## What is required
The answer must restate the listing word for word, without its images.

· · · · ·

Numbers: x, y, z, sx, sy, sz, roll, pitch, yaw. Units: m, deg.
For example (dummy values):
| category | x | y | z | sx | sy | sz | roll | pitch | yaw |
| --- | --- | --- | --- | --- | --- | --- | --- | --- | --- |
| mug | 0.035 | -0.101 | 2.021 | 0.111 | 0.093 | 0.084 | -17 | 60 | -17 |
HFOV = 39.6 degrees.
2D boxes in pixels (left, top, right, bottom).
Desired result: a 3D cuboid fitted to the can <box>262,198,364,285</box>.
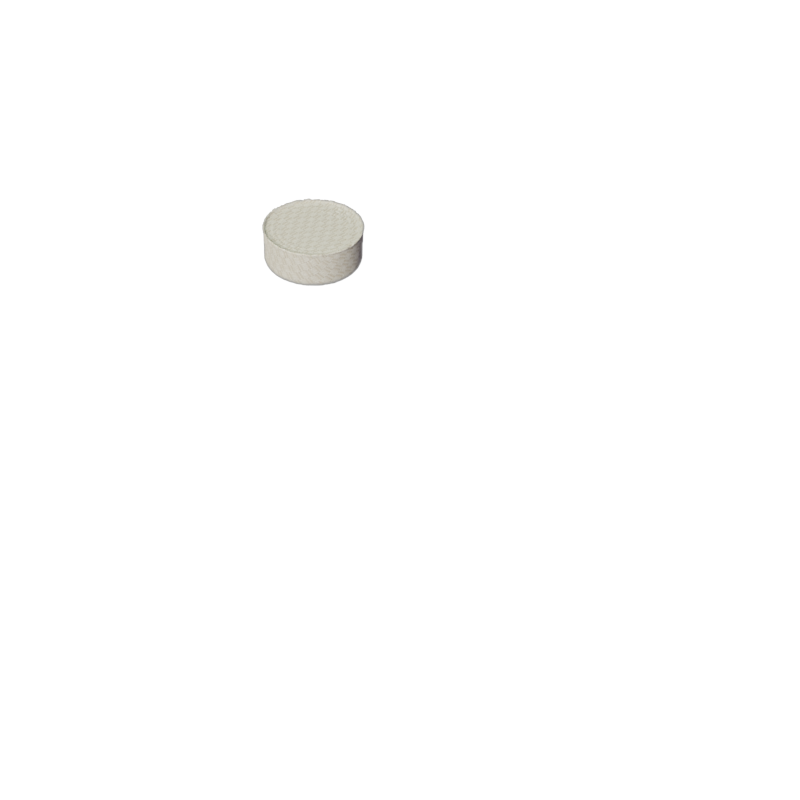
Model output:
| category | x | y | z | sx | sy | sz | roll | pitch | yaw |
| --- | --- | --- | --- | --- | --- | --- | --- | --- | --- |
| can | -0.074 | -0.134 | 0.941 | 0.086 | 0.031 | 0.092 | -1 | 39 | -2 |
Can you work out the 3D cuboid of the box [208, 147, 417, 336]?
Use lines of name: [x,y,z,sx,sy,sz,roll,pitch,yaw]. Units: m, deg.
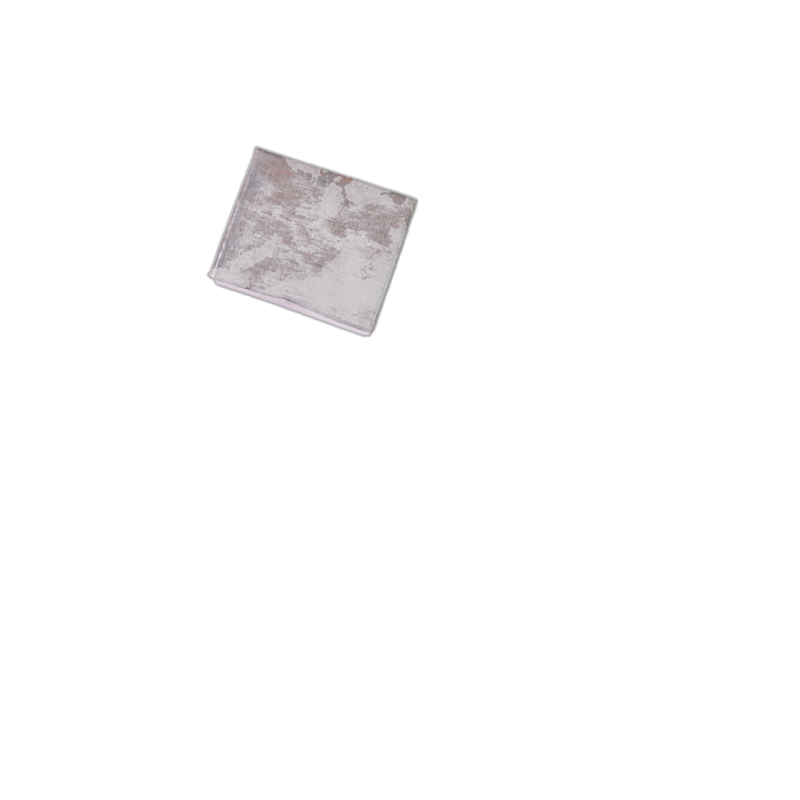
box: [-0.045,-0.082,0.572,0.090,0.074,0.030,19,-8,2]
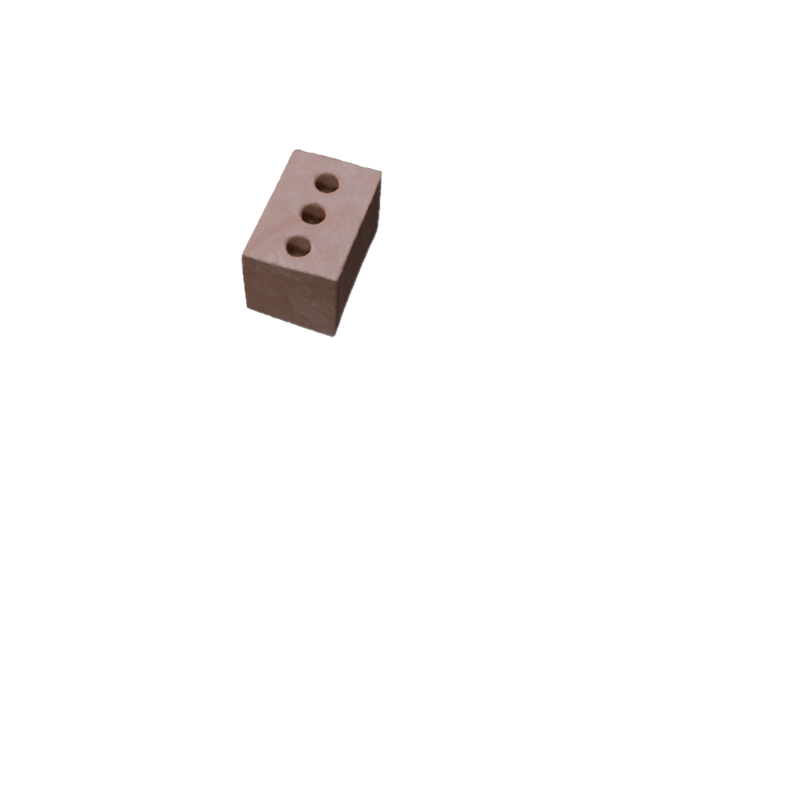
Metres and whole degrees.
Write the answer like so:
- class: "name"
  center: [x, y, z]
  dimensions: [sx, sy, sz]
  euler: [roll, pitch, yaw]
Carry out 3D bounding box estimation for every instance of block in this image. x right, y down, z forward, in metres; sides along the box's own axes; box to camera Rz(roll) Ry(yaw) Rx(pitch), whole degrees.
- class: "block"
  center: [-0.046, -0.085, 0.593]
  dimensions: [0.054, 0.082, 0.048]
  euler: [16, -32, 8]
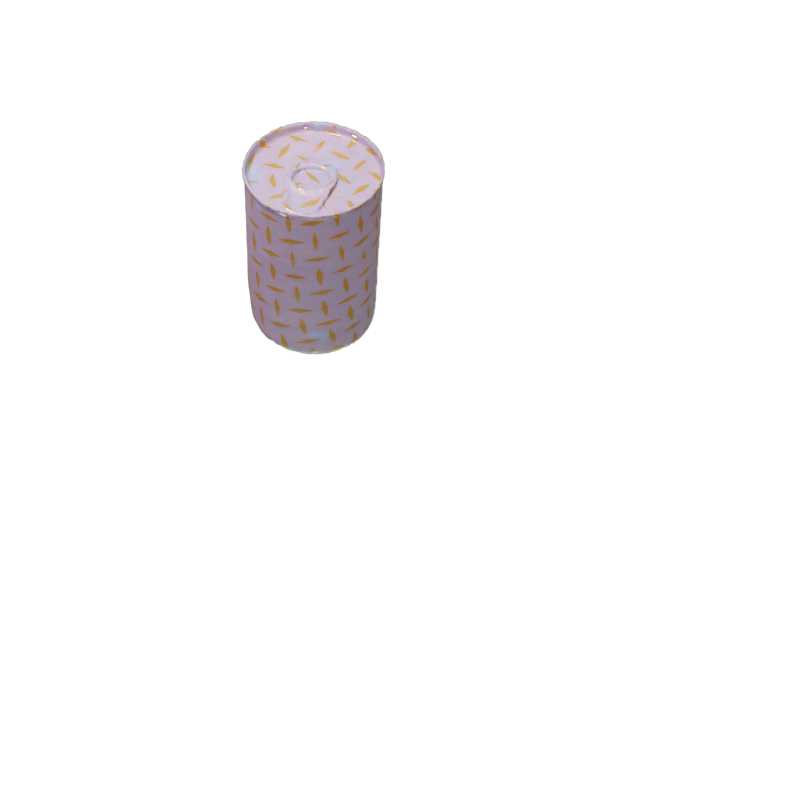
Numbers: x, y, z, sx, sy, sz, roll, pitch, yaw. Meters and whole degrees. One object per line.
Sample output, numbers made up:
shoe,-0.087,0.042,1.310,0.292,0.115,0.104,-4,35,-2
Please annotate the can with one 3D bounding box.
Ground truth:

· · · · ·

## Exercise response
Numbers: x, y, z, sx, sy, sz, roll, pitch, yaw. Units: m, deg.
For example (dummy values):
| category | x | y | z | sx | sy | sz | roll | pitch | yaw |
| --- | --- | --- | --- | --- | --- | --- | --- | --- | --- |
| mug | 0.035 | -0.101 | 2.021 | 0.111 | 0.093 | 0.084 | -17 | 60 | -17 |
HFOV = 39.6 degrees.
2D boxes in pixels (left, top, right, bottom).
Desired result: a 3D cuboid fitted to the can <box>262,198,364,285</box>.
Model output:
| category | x | y | z | sx | sy | sz | roll | pitch | yaw |
| --- | --- | --- | --- | --- | --- | --- | --- | --- | --- |
| can | -0.074 | -0.134 | 0.941 | 0.086 | 0.031 | 0.092 | -1 | 39 | -2 |
Can you work out the 3D cuboid of the box [208, 147, 417, 336]?
Use lines of name: [x,y,z,sx,sy,sz,roll,pitch,yaw]. Units: m, deg.
box: [-0.045,-0.082,0.572,0.090,0.074,0.030,19,-8,2]
Metres and whole degrees.
Write the answer like so:
- class: "name"
  center: [x, y, z]
  dimensions: [sx, sy, sz]
  euler: [roll, pitch, yaw]
Carry out 3D bounding box estimation for every instance of block in this image. x right, y down, z forward, in metres; sides along the box's own axes; box to camera Rz(roll) Ry(yaw) Rx(pitch), whole degrees.
- class: "block"
  center: [-0.046, -0.085, 0.593]
  dimensions: [0.054, 0.082, 0.048]
  euler: [16, -32, 8]
Numbers: x, y, z, sx, sy, sz, roll, pitch, yaw. Meters and whole degrees. One object per line.
Sample output, numbers made up:
shoe,-0.087,0.042,1.310,0.292,0.115,0.104,-4,35,-2
Please annotate the can with one 3D bounding box.
Ground truth:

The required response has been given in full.